▶ HOW TO COMPLETE THIS TASK
The entries below are to be written out exactly, with no images included.

▶ DATA RECORDS

┌────────

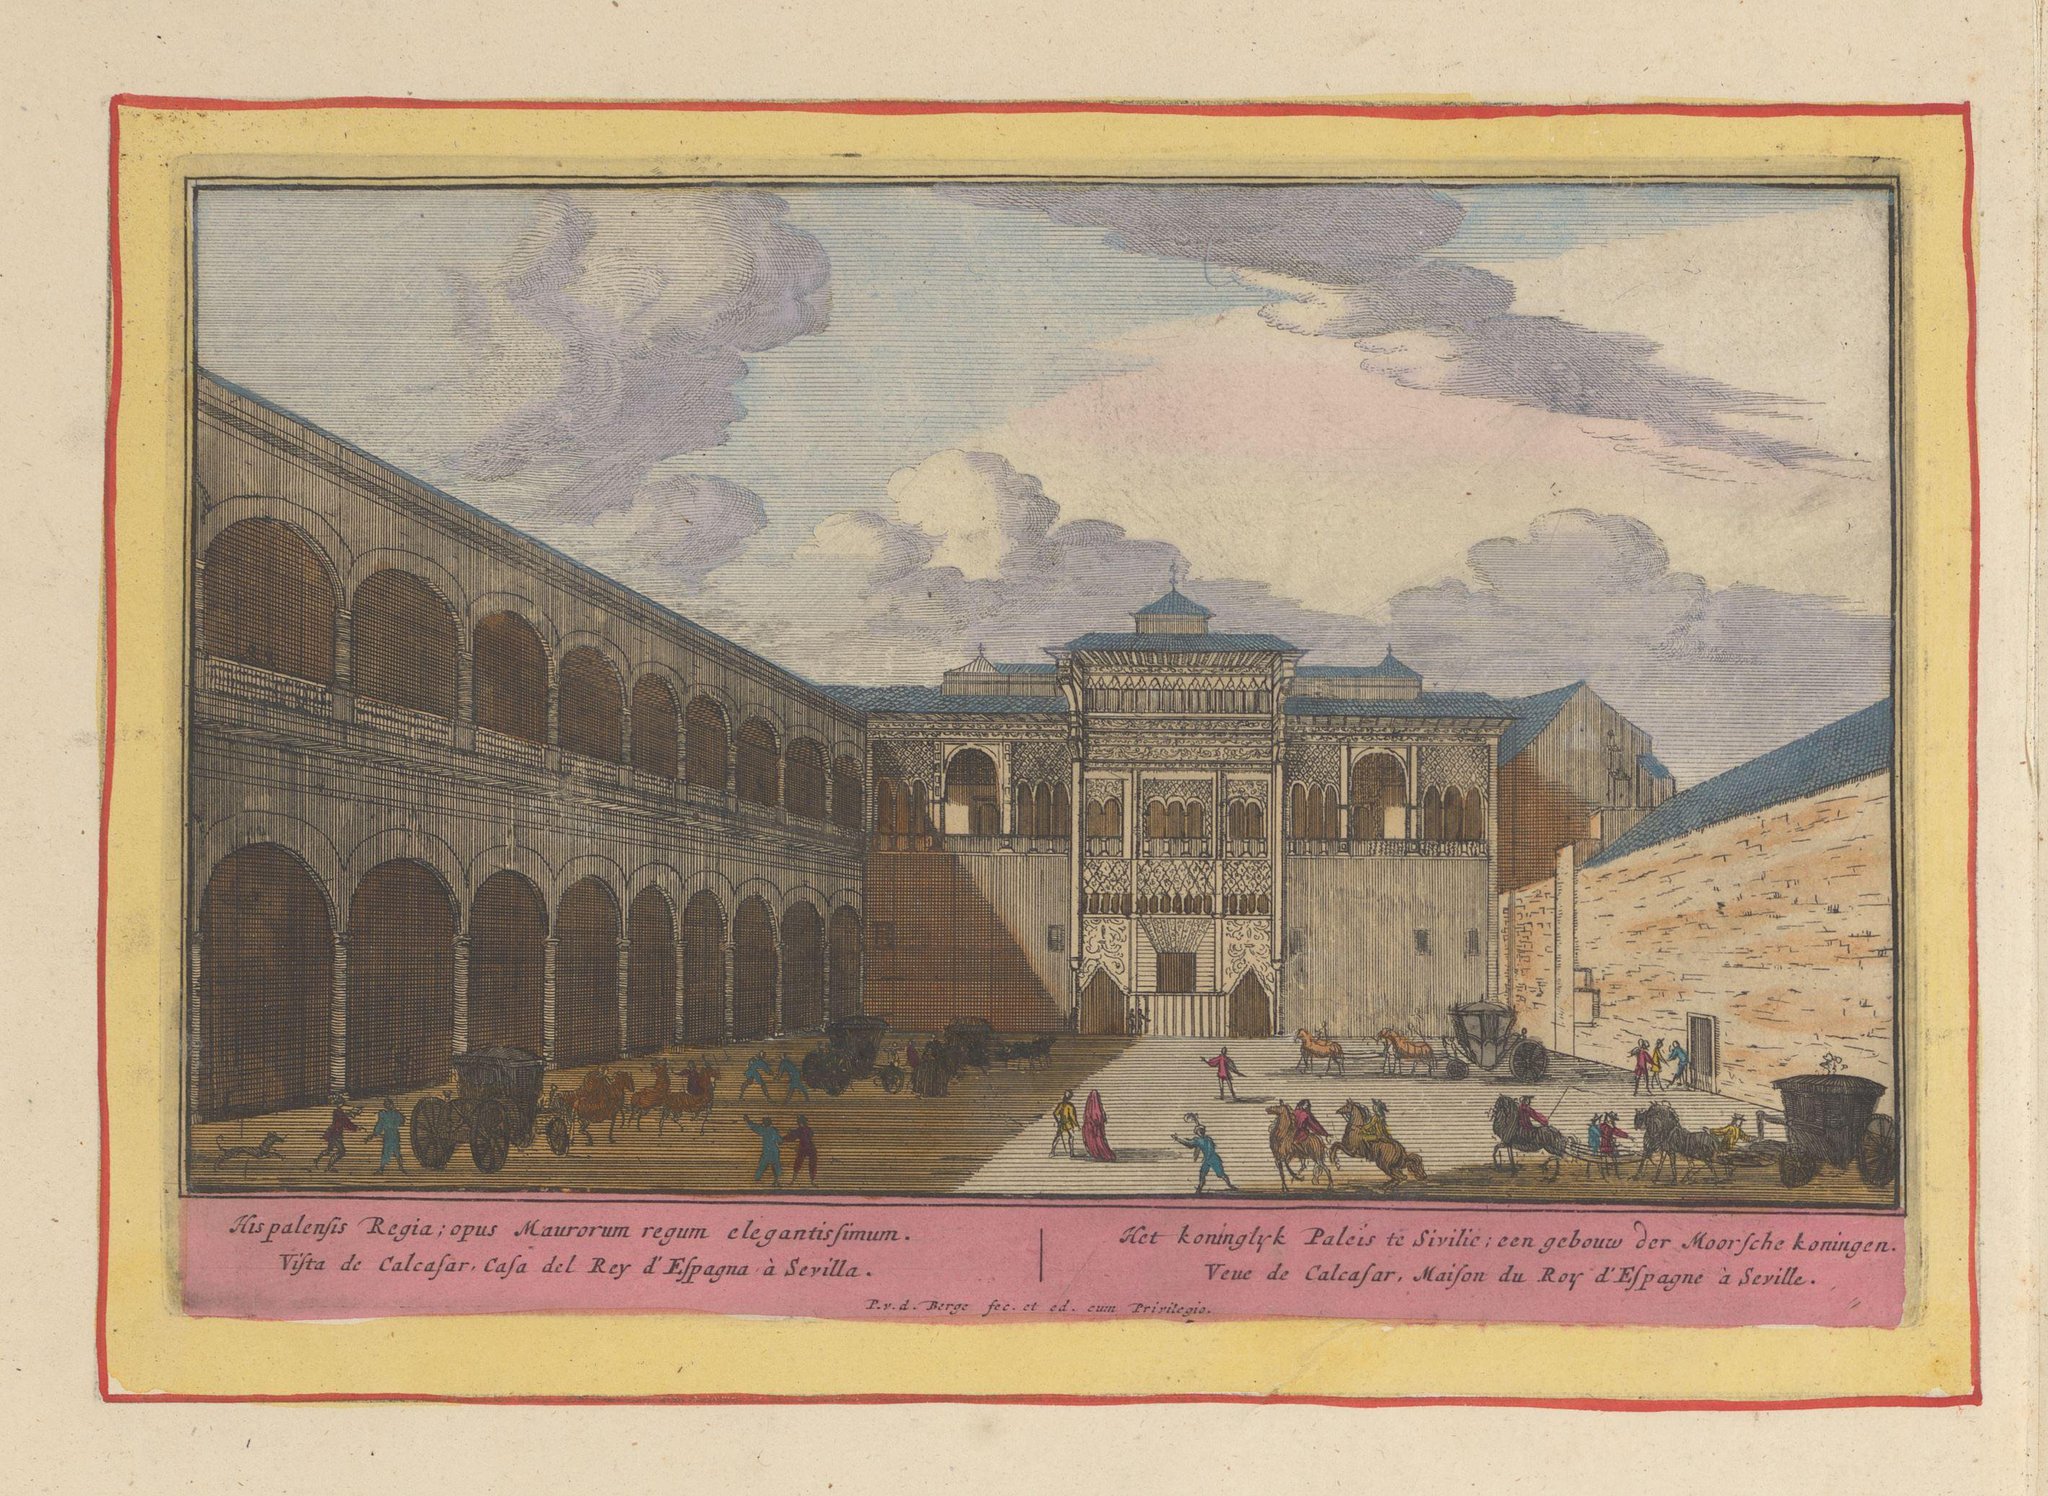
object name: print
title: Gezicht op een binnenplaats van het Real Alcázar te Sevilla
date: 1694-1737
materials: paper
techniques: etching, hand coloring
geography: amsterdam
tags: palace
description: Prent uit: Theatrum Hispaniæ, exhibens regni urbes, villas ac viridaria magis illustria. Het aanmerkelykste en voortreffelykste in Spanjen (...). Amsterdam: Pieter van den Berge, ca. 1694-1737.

└────────

▶ TASK RESULT
object name: print
title: Gezicht op een binnenplaats van het Real Alcázar te Sevilla
date: 1694-1737
materials: paper
techniques: etching, hand coloring
geography: amsterdam
tags: palace
description: Prent uit: Theatrum Hispaniæ, exhibens regni urbes, villas ac viridaria magis illustria. Het aanmerkelykste en voortreffelykste in Spanjen (...). Amsterdam: Pieter van den Berge, ca. 1694-1737.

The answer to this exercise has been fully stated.